▶ **What you are asked to do**
Produce word for word the lines of the data below running from the one that has "Offer a terse response. Yes." to the one that has "Offer a terse response. 3128.96.", inclusive, and no others.

Records excerpted from a collection:
--------------------------------------------------

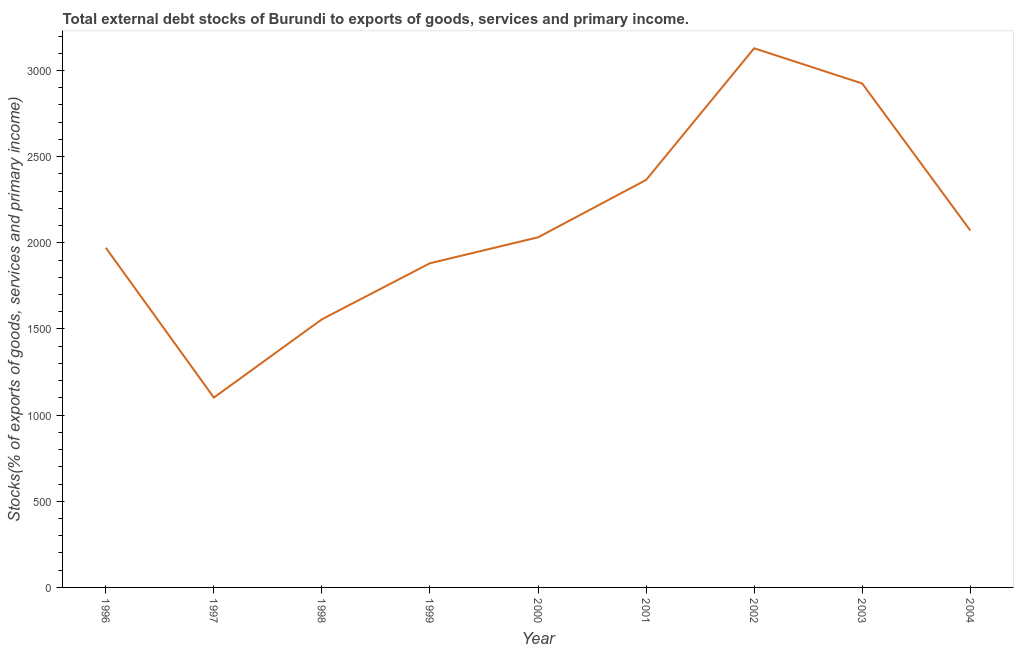What is the external debt stocks in 1996?
Provide a short and direct response. 1971.54. Across all years, what is the maximum external debt stocks?
Make the answer very short. 3128.96. Across all years, what is the minimum external debt stocks?
Provide a short and direct response. 1101.81. In which year was the external debt stocks maximum?
Provide a succinct answer. 2002. What is the sum of the external debt stocks?
Make the answer very short. 1.90e+04. What is the difference between the external debt stocks in 1998 and 1999?
Offer a terse response. -325.38. What is the average external debt stocks per year?
Make the answer very short. 2114.8. What is the median external debt stocks?
Offer a very short reply. 2031.87. Do a majority of the years between 1996 and 2002 (inclusive) have external debt stocks greater than 200 %?
Keep it short and to the point. Yes. What is the ratio of the external debt stocks in 1996 to that in 1998?
Make the answer very short. 1.27. Is the external debt stocks in 1998 less than that in 2004?
Give a very brief answer. Yes. What is the difference between the highest and the second highest external debt stocks?
Your answer should be very brief. 204.21. Is the sum of the external debt stocks in 2001 and 2003 greater than the maximum external debt stocks across all years?
Offer a terse response. Yes. What is the difference between the highest and the lowest external debt stocks?
Offer a terse response. 2027.15. In how many years, is the external debt stocks greater than the average external debt stocks taken over all years?
Provide a succinct answer. 3. Does the external debt stocks monotonically increase over the years?
Offer a terse response. No. How many years are there in the graph?
Provide a short and direct response. 9. What is the difference between two consecutive major ticks on the Y-axis?
Your answer should be very brief. 500. Does the graph contain grids?
Offer a very short reply. No. What is the title of the graph?
Give a very brief answer. Total external debt stocks of Burundi to exports of goods, services and primary income. What is the label or title of the X-axis?
Offer a terse response. Year. What is the label or title of the Y-axis?
Your answer should be compact. Stocks(% of exports of goods, services and primary income). What is the Stocks(% of exports of goods, services and primary income) of 1996?
Offer a terse response. 1971.54. What is the Stocks(% of exports of goods, services and primary income) of 1997?
Offer a very short reply. 1101.81. What is the Stocks(% of exports of goods, services and primary income) in 1998?
Offer a terse response. 1556.17. What is the Stocks(% of exports of goods, services and primary income) of 1999?
Offer a terse response. 1881.55. What is the Stocks(% of exports of goods, services and primary income) of 2000?
Provide a short and direct response. 2031.87. What is the Stocks(% of exports of goods, services and primary income) of 2001?
Your answer should be compact. 2364.89. What is the Stocks(% of exports of goods, services and primary income) in 2002?
Offer a terse response. 3128.96. What is the Stocks(% of exports of goods, services and primary income) of 2003?
Make the answer very short. 2924.74. What is the Stocks(% of exports of goods, services and primary income) of 2004?
Your response must be concise. 2071.68. What is the difference between the Stocks(% of exports of goods, services and primary income) in 1996 and 1997?
Keep it short and to the point. 869.73. What is the difference between the Stocks(% of exports of goods, services and primary income) in 1996 and 1998?
Provide a succinct answer. 415.36. What is the difference between the Stocks(% of exports of goods, services and primary income) in 1996 and 1999?
Keep it short and to the point. 89.98. What is the difference between the Stocks(% of exports of goods, services and primary income) in 1996 and 2000?
Give a very brief answer. -60.34. What is the difference between the Stocks(% of exports of goods, services and primary income) in 1996 and 2001?
Provide a short and direct response. -393.35. What is the difference between the Stocks(% of exports of goods, services and primary income) in 1996 and 2002?
Your answer should be very brief. -1157.42. What is the difference between the Stocks(% of exports of goods, services and primary income) in 1996 and 2003?
Your answer should be very brief. -953.21. What is the difference between the Stocks(% of exports of goods, services and primary income) in 1996 and 2004?
Keep it short and to the point. -100.15. What is the difference between the Stocks(% of exports of goods, services and primary income) in 1997 and 1998?
Your response must be concise. -454.36. What is the difference between the Stocks(% of exports of goods, services and primary income) in 1997 and 1999?
Offer a very short reply. -779.75. What is the difference between the Stocks(% of exports of goods, services and primary income) in 1997 and 2000?
Offer a very short reply. -930.07. What is the difference between the Stocks(% of exports of goods, services and primary income) in 1997 and 2001?
Your answer should be compact. -1263.08. What is the difference between the Stocks(% of exports of goods, services and primary income) in 1997 and 2002?
Make the answer very short. -2027.15. What is the difference between the Stocks(% of exports of goods, services and primary income) in 1997 and 2003?
Provide a short and direct response. -1822.94. What is the difference between the Stocks(% of exports of goods, services and primary income) in 1997 and 2004?
Make the answer very short. -969.88. What is the difference between the Stocks(% of exports of goods, services and primary income) in 1998 and 1999?
Your response must be concise. -325.38. What is the difference between the Stocks(% of exports of goods, services and primary income) in 1998 and 2000?
Offer a very short reply. -475.7. What is the difference between the Stocks(% of exports of goods, services and primary income) in 1998 and 2001?
Offer a terse response. -808.72. What is the difference between the Stocks(% of exports of goods, services and primary income) in 1998 and 2002?
Ensure brevity in your answer.  -1572.79. What is the difference between the Stocks(% of exports of goods, services and primary income) in 1998 and 2003?
Your response must be concise. -1368.57. What is the difference between the Stocks(% of exports of goods, services and primary income) in 1998 and 2004?
Offer a terse response. -515.51. What is the difference between the Stocks(% of exports of goods, services and primary income) in 1999 and 2000?
Make the answer very short. -150.32. What is the difference between the Stocks(% of exports of goods, services and primary income) in 1999 and 2001?
Provide a succinct answer. -483.34. What is the difference between the Stocks(% of exports of goods, services and primary income) in 1999 and 2002?
Your answer should be compact. -1247.41. What is the difference between the Stocks(% of exports of goods, services and primary income) in 1999 and 2003?
Offer a very short reply. -1043.19. What is the difference between the Stocks(% of exports of goods, services and primary income) in 1999 and 2004?
Make the answer very short. -190.13. What is the difference between the Stocks(% of exports of goods, services and primary income) in 2000 and 2001?
Give a very brief answer. -333.02. What is the difference between the Stocks(% of exports of goods, services and primary income) in 2000 and 2002?
Give a very brief answer. -1097.09. What is the difference between the Stocks(% of exports of goods, services and primary income) in 2000 and 2003?
Your answer should be very brief. -892.87. What is the difference between the Stocks(% of exports of goods, services and primary income) in 2000 and 2004?
Give a very brief answer. -39.81. What is the difference between the Stocks(% of exports of goods, services and primary income) in 2001 and 2002?
Give a very brief answer. -764.07. What is the difference between the Stocks(% of exports of goods, services and primary income) in 2001 and 2003?
Provide a short and direct response. -559.86. What is the difference between the Stocks(% of exports of goods, services and primary income) in 2001 and 2004?
Your answer should be compact. 293.21. What is the difference between the Stocks(% of exports of goods, services and primary income) in 2002 and 2003?
Your answer should be very brief. 204.21. What is the difference between the Stocks(% of exports of goods, services and primary income) in 2002 and 2004?
Keep it short and to the point. 1057.28. What is the difference between the Stocks(% of exports of goods, services and primary income) in 2003 and 2004?
Ensure brevity in your answer.  853.06. What is the ratio of the Stocks(% of exports of goods, services and primary income) in 1996 to that in 1997?
Make the answer very short. 1.79. What is the ratio of the Stocks(% of exports of goods, services and primary income) in 1996 to that in 1998?
Offer a very short reply. 1.27. What is the ratio of the Stocks(% of exports of goods, services and primary income) in 1996 to that in 1999?
Offer a terse response. 1.05. What is the ratio of the Stocks(% of exports of goods, services and primary income) in 1996 to that in 2001?
Give a very brief answer. 0.83. What is the ratio of the Stocks(% of exports of goods, services and primary income) in 1996 to that in 2002?
Your answer should be compact. 0.63. What is the ratio of the Stocks(% of exports of goods, services and primary income) in 1996 to that in 2003?
Your answer should be compact. 0.67. What is the ratio of the Stocks(% of exports of goods, services and primary income) in 1997 to that in 1998?
Keep it short and to the point. 0.71. What is the ratio of the Stocks(% of exports of goods, services and primary income) in 1997 to that in 1999?
Your answer should be compact. 0.59. What is the ratio of the Stocks(% of exports of goods, services and primary income) in 1997 to that in 2000?
Offer a very short reply. 0.54. What is the ratio of the Stocks(% of exports of goods, services and primary income) in 1997 to that in 2001?
Provide a succinct answer. 0.47. What is the ratio of the Stocks(% of exports of goods, services and primary income) in 1997 to that in 2002?
Provide a short and direct response. 0.35. What is the ratio of the Stocks(% of exports of goods, services and primary income) in 1997 to that in 2003?
Give a very brief answer. 0.38. What is the ratio of the Stocks(% of exports of goods, services and primary income) in 1997 to that in 2004?
Offer a terse response. 0.53. What is the ratio of the Stocks(% of exports of goods, services and primary income) in 1998 to that in 1999?
Ensure brevity in your answer.  0.83. What is the ratio of the Stocks(% of exports of goods, services and primary income) in 1998 to that in 2000?
Keep it short and to the point. 0.77. What is the ratio of the Stocks(% of exports of goods, services and primary income) in 1998 to that in 2001?
Make the answer very short. 0.66. What is the ratio of the Stocks(% of exports of goods, services and primary income) in 1998 to that in 2002?
Your answer should be compact. 0.5. What is the ratio of the Stocks(% of exports of goods, services and primary income) in 1998 to that in 2003?
Make the answer very short. 0.53. What is the ratio of the Stocks(% of exports of goods, services and primary income) in 1998 to that in 2004?
Keep it short and to the point. 0.75. What is the ratio of the Stocks(% of exports of goods, services and primary income) in 1999 to that in 2000?
Keep it short and to the point. 0.93. What is the ratio of the Stocks(% of exports of goods, services and primary income) in 1999 to that in 2001?
Offer a terse response. 0.8. What is the ratio of the Stocks(% of exports of goods, services and primary income) in 1999 to that in 2002?
Provide a succinct answer. 0.6. What is the ratio of the Stocks(% of exports of goods, services and primary income) in 1999 to that in 2003?
Offer a very short reply. 0.64. What is the ratio of the Stocks(% of exports of goods, services and primary income) in 1999 to that in 2004?
Offer a terse response. 0.91. What is the ratio of the Stocks(% of exports of goods, services and primary income) in 2000 to that in 2001?
Your response must be concise. 0.86. What is the ratio of the Stocks(% of exports of goods, services and primary income) in 2000 to that in 2002?
Provide a short and direct response. 0.65. What is the ratio of the Stocks(% of exports of goods, services and primary income) in 2000 to that in 2003?
Your answer should be very brief. 0.69. What is the ratio of the Stocks(% of exports of goods, services and primary income) in 2000 to that in 2004?
Ensure brevity in your answer.  0.98. What is the ratio of the Stocks(% of exports of goods, services and primary income) in 2001 to that in 2002?
Offer a terse response. 0.76. What is the ratio of the Stocks(% of exports of goods, services and primary income) in 2001 to that in 2003?
Give a very brief answer. 0.81. What is the ratio of the Stocks(% of exports of goods, services and primary income) in 2001 to that in 2004?
Your answer should be very brief. 1.14. What is the ratio of the Stocks(% of exports of goods, services and primary income) in 2002 to that in 2003?
Offer a very short reply. 1.07. What is the ratio of the Stocks(% of exports of goods, services and primary income) in 2002 to that in 2004?
Keep it short and to the point. 1.51. What is the ratio of the Stocks(% of exports of goods, services and primary income) in 2003 to that in 2004?
Give a very brief answer. 1.41.

--------------------------------------------------

▶ **Expected answer**
Offer a terse response. Yes. What is the difference between the highest and the lowest external debt stocks?
Offer a terse response. 2027.15. In how many years, is the external debt stocks greater than the average external debt stocks taken over all years?
Provide a succinct answer. 3. Does the external debt stocks monotonically increase over the years?
Offer a terse response. No. How many years are there in the graph?
Provide a short and direct response. 9. What is the difference between two consecutive major ticks on the Y-axis?
Your answer should be very brief. 500. Does the graph contain grids?
Offer a very short reply. No. What is the title of the graph?
Give a very brief answer. Total external debt stocks of Burundi to exports of goods, services and primary income. What is the label or title of the X-axis?
Offer a terse response. Year. What is the label or title of the Y-axis?
Your answer should be compact. Stocks(% of exports of goods, services and primary income). What is the Stocks(% of exports of goods, services and primary income) of 1996?
Offer a terse response. 1971.54. What is the Stocks(% of exports of goods, services and primary income) of 1997?
Offer a very short reply. 1101.81. What is the Stocks(% of exports of goods, services and primary income) in 1998?
Offer a terse response. 1556.17. What is the Stocks(% of exports of goods, services and primary income) of 1999?
Offer a terse response. 1881.55. What is the Stocks(% of exports of goods, services and primary income) of 2000?
Provide a short and direct response. 2031.87. What is the Stocks(% of exports of goods, services and primary income) of 2001?
Your answer should be compact. 2364.89. What is the Stocks(% of exports of goods, services and primary income) in 2002?
Offer a terse response. 3128.96. What is the Stocks(% of exports of goods, services and primary income) of 2003?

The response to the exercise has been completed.